High performing teams take time and commitment to develop

Like flowers in a garden, teams will only thrive when the conditions are conducive to growth.

Beaker & Flint
Published in
3 min readFeb 18, 2020

--

You can’t simply demand a team be autonomous and expect them to perform from day one, especially if they have not worked this way before.

High performing teams need:

A Sense of Purpose

All teams need a reason for being. Each member of the team need to be able to answer the question, what do you do and why is that valuable?

Give teams a clear mission and priorities. Focus on giving them the why and allow them to be self-organising around what and how.

Open Communication

For teams to self-organise, they need to be able to discuss their ideas and thoughts without fear.

Open communication requires excellent listening skills, mutual respect and trust.

Trust and Mutual Respect

All harmful, passive-aggressive and destructive behaviours are all a symptom of a lack of trust and mutual respect amongst team members.
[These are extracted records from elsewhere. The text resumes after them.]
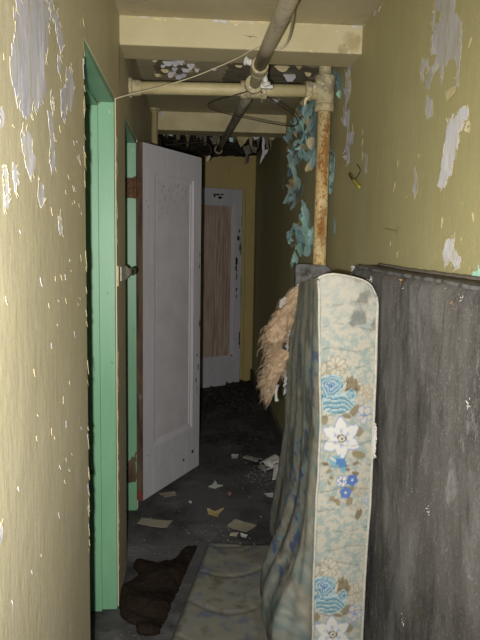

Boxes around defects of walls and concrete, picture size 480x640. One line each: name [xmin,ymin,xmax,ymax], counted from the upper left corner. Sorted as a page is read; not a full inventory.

peeling [2,0,75,237]
peeling [152,60,199,80]
peeling [282,96,317,267]
peeling [420,0,472,120]
peeling [437,105,470,192]
peeling [433,232,480,277]
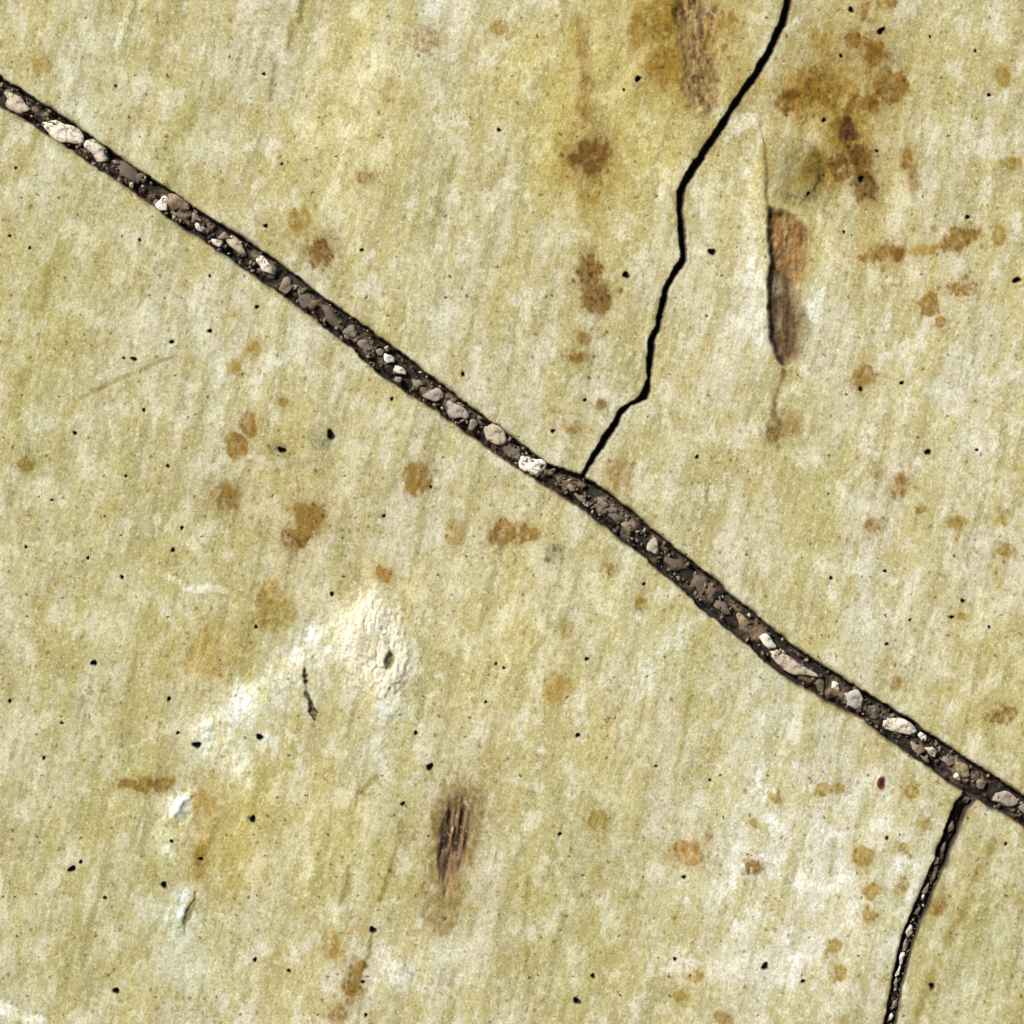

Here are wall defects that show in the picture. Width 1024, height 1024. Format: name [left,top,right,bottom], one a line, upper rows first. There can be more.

rust [618,0,714,155]
rust [713,0,1016,334]
rust [518,11,659,370]
crack [555,475,567,486]
crack [635,528,648,538]
crack [947,821,955,833]
crack [905,924,913,938]
crack [898,952,906,966]
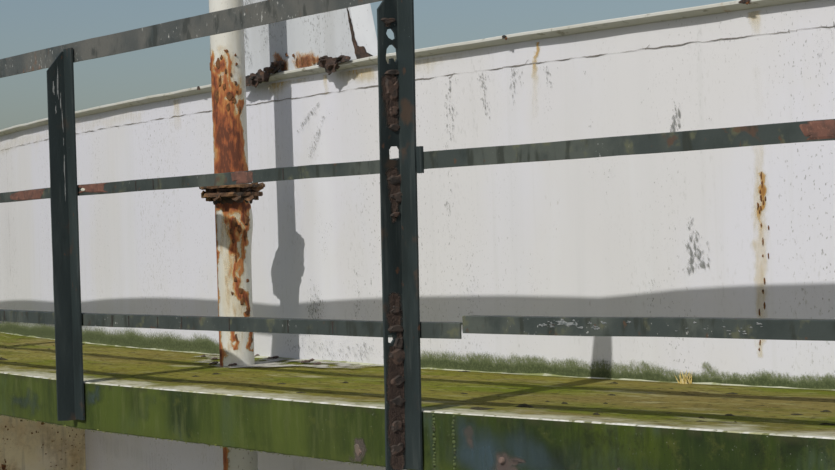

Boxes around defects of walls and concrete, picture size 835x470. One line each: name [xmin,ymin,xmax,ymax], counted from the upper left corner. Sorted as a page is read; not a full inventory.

crack [415,26,834,80]
crack [247,85,378,105]
rust [381,70,400,131]
peeling [799,120,835,140]
rust [210,49,351,317]
rust [757,172,769,230]
rust [219,331,254,367]
rust [386,293,405,470]
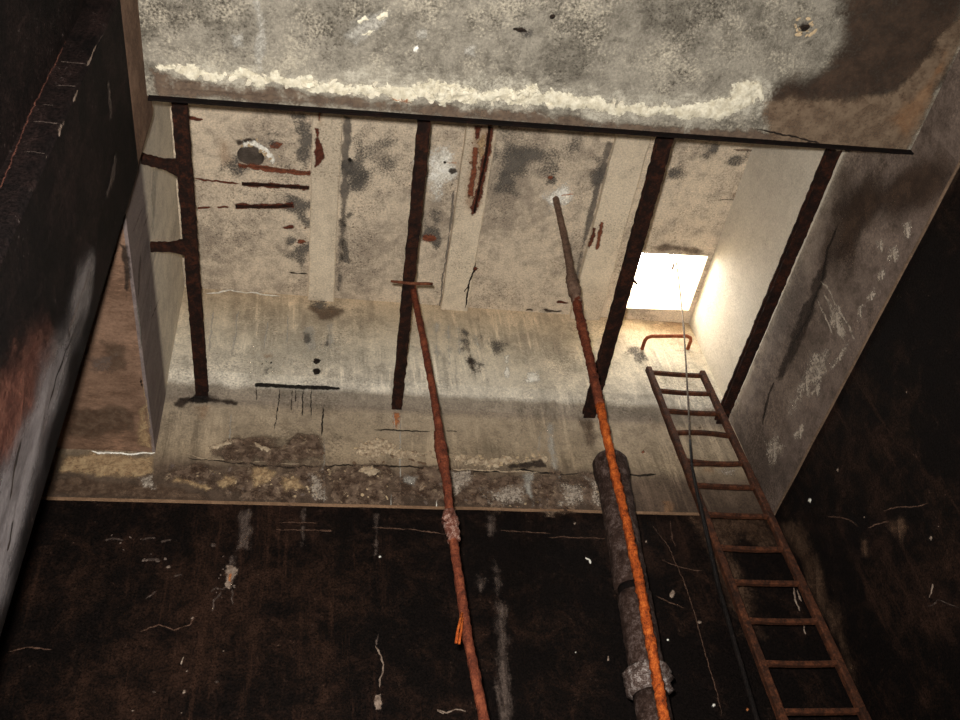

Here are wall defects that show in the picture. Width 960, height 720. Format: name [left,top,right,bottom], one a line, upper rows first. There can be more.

Avoid treating the symptoms by considering why people are behaving the way they are.

Shared Leadership

Even within an autonomous team, there will be times when leadership is required.

Spreading leadership responsibilities across team balances the power dynamics keeping leaders humble and open to ideas and suggestions from others.
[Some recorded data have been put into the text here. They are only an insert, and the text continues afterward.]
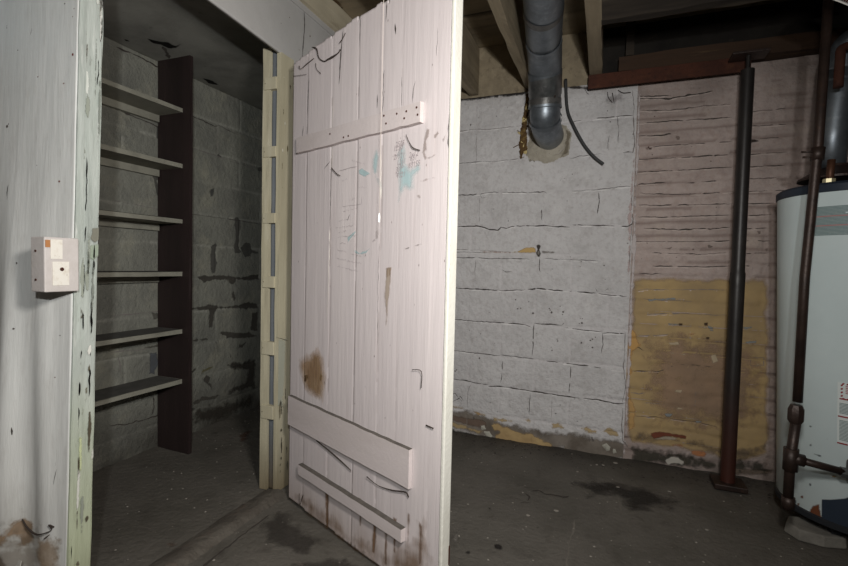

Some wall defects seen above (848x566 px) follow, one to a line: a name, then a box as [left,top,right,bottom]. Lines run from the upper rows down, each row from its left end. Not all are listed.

peeling [452,279,729,458]
peeling [736,280,768,459]
leakage [0,519,33,545]
leakage [583,483,662,509]
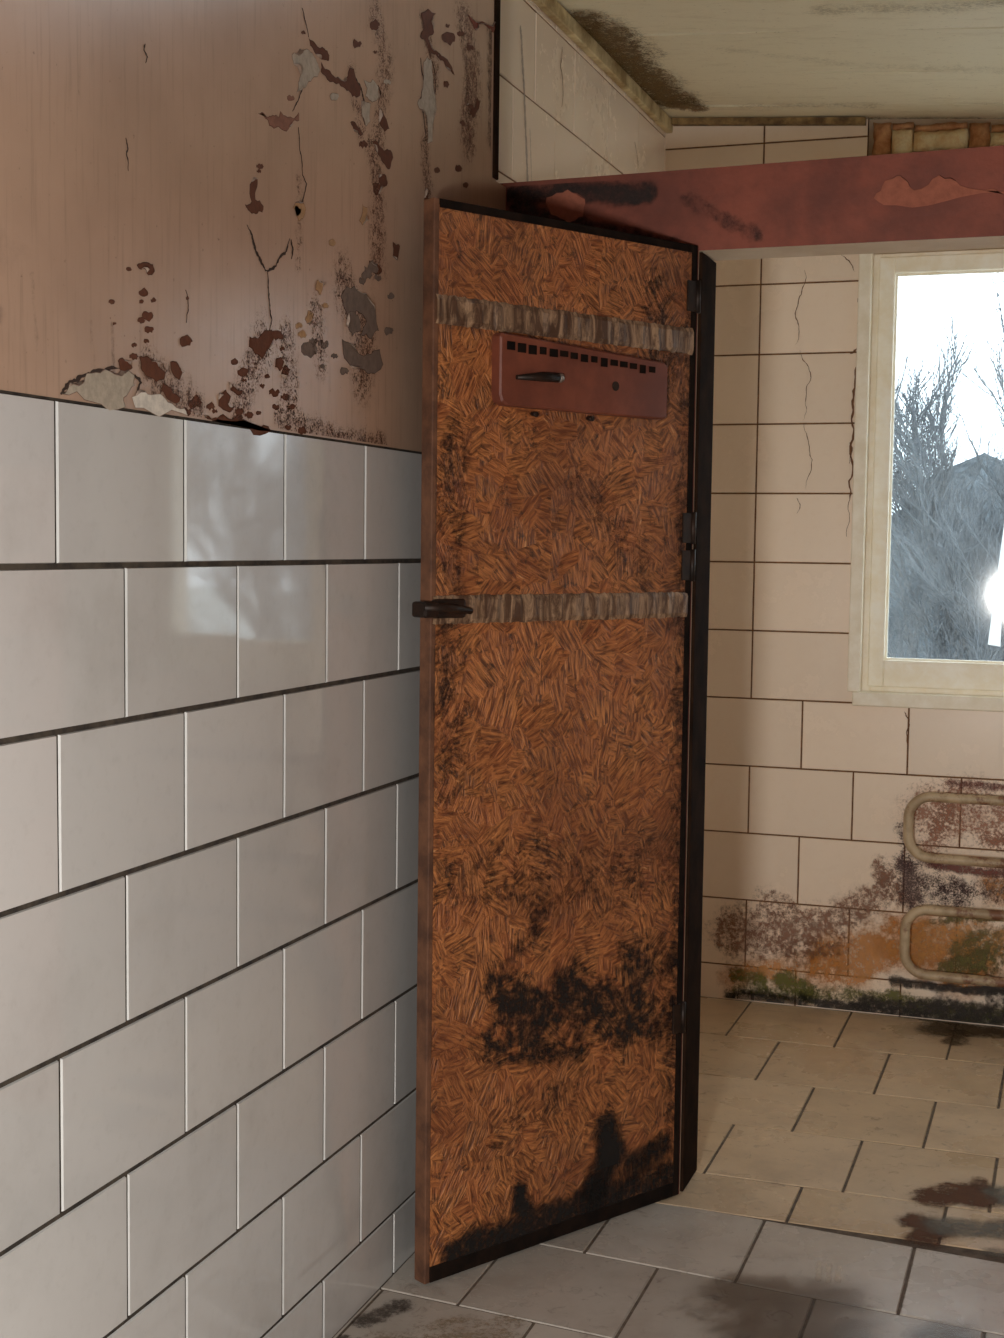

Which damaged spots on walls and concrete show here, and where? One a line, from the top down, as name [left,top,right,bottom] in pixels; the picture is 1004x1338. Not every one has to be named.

peeling [417,6,495,200]
mould [570,11,709,112]
peeling [62,0,400,445]
crack [795,273,812,513]
crack [846,348,857,537]
water stain [441,835,680,1262]
water stain [714,823,1004,964]
corrosion [726,916,1004,987]
water stain [851,976,1004,1023]
corrosion [906,780,1004,902]
water stain [899,1179,1004,1256]

It also reduces decision bottlenecks and key person dependencies.

Strong Values & Complementary Skills

Autonomous teams need to be diverse yet cohesive. Often this requires individual members of a team to have conflicting opinions while upholding a shared set of team values.

Having shared values allows teams to challenge each other safely while having many alternative perspectives means you avoid groupthink.

Practice having strong opinions, loosely held.

Lean & Effective Processes

Avoid confusion and stop re-inventing the wheel, have a documented process and commit to improving it over time.

Don’t let your process go stale and keep it lean. A process that people don’t understand or follow is a process that may as well not exist.

Flexibility & Adaptability

Things change, and if they don’t, you should automate them.

Change can be challenging, and many people struggle with uncertainty. High performing teams need to become comfortable with the unexpected and have a healthy approach to dealing with it.

Continuous learning

Having a learning culture and a growth mindset is the leading indicator of team success. With it — teams can improve, without it — they can’t.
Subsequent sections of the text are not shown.